There’s a fair amount of research out there that shows you cannot simultaneously feel both anger and gratitude at the same time. There’s also a lot of research that demonstrates the physical and emotional benefits of gratitude. So I thought I would take time while I am still in the midst of this trauma, to acknowledge all the things I am grateful for today.
Here is today’s gratitude list
- Friends who offered me places to stay. I’ve had no less than eight different friends offer me a place to live for the next few weeks. I signed a lease on a rental home, but I cannot move in until July 2. Which means for the past week and the next two weeks, I’ve needed a place to live for both me and Charly. I’ve had two friends offer to let me housesit, and six other friends offer me their home, no questions asked. I didn’t even have to ask anyone, these offers just came pouring in. Which makes me want to cry, to realize how blessed I am with friends.
- The friends who are hosting me now.

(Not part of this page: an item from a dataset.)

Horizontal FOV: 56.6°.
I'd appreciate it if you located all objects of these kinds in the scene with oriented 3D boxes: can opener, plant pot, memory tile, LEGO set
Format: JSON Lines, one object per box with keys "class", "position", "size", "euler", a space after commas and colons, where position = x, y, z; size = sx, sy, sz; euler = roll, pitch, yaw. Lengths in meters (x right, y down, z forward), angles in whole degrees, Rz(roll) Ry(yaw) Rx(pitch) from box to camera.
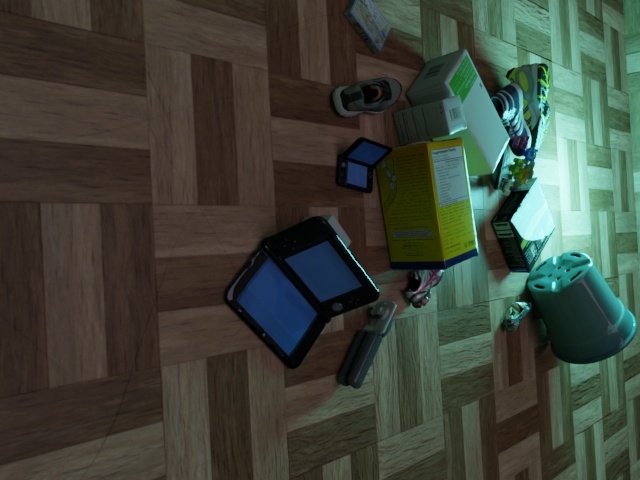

They are awesome and amazing, and have taken in both me and Charly and have made it all work out great. Not only do we have our own room, bathroom and privacy, we also have a pool for Charly to swim and a great neighborhood for dog walks. And this morning they made waffles for breakfast. I am grateful.
- All the people who offered their support. I have received dozens and dozens of emails, text messages and phone calls, from people who just want to show their love and support for me. One friend called me Thursday from 8,000 miles away, just to tell me he loves me. Some people volunteered to share their own divorce stories, others have offered to help me move, while others have offered to buy me drinks, take me running, or do whatever else might make me feel better. Six friends are helping me pack. My sister-in-law is helping me shop for household stuff online. Family and friends have literally come out of the woodwork to let me know they support me, and feeling that support is just tremendous. This has also helped me realize the value of social networking and technology, because these technology tools can actually be instrumental for helping people connect and heal. It’s SOOOO important we not isolate during trauma, and I’m grateful for the technology that has enabled people to connect and support me through this situation.
- Support at work. My coworkers are just amazing, and like my friends their support has been fantastic. They have let me cry, listened to my experience, and have shown consistent support from day one. My ex and I were supposed to have hosted a work party at our home this weekend, but another coworker immediately stepped in to host the party because of this situation. My coworkers rock.
- I am gainfully employed. Despite the challenges of this situation, I have my own career and my own income. I am not financially dependent on my ex, and I fully realize this puts me in a much better situation than many women who go through divorce. I have the financial means to take care of myself through this life change.
- I have health insurance that enables me to afford professional counseling. Having good health insurance is always important, but especially so when it comes to times like this. I’m also grateful that I’m not dependent on my ex for health insurance. And it’s good to live in a country where I have access to professional counseling.
- I have my health. I realize my health will enable me to bounce back from this, and I don’t take my good health for granted.
- I don’t have to go to court, hire lawyers or fight custody battles or divorce decrees. This separation is much less complicated than most. Yeah for that.
After taking time to listen to friends, family and coworkers, I know I will survive this. I know I will survive because everyone else who has been here before me survived. Not only did they survive, but most of them came out of the situation better off than before. Both the research science and the stories from friends demonstrate we humans are incredibly resilient. More resilient than we typically realize.
There is one personal change I am already seeing in myself – I am becoming more compassionate. Having my heart broken has made my heart be more open to other people. In the midst of my pain, I seem to be more in touch with other people going through pain. I have more patience, more sympathy, and more time to listen to others.
At the end of the day I know I will survive this. I hope I can grow and learn from this, even though I know it’s too soon to glean the lessons yet. Right now I’m just trying to get through each and every day, one day at a time. I’m just grateful that when I get up in the morning and I go to bed at night, I know I’m not going through this experience alone. Coming to that realization is a true blessing.
Thank you to every single one of you who has reached out to support me. I am grateful for every one of you.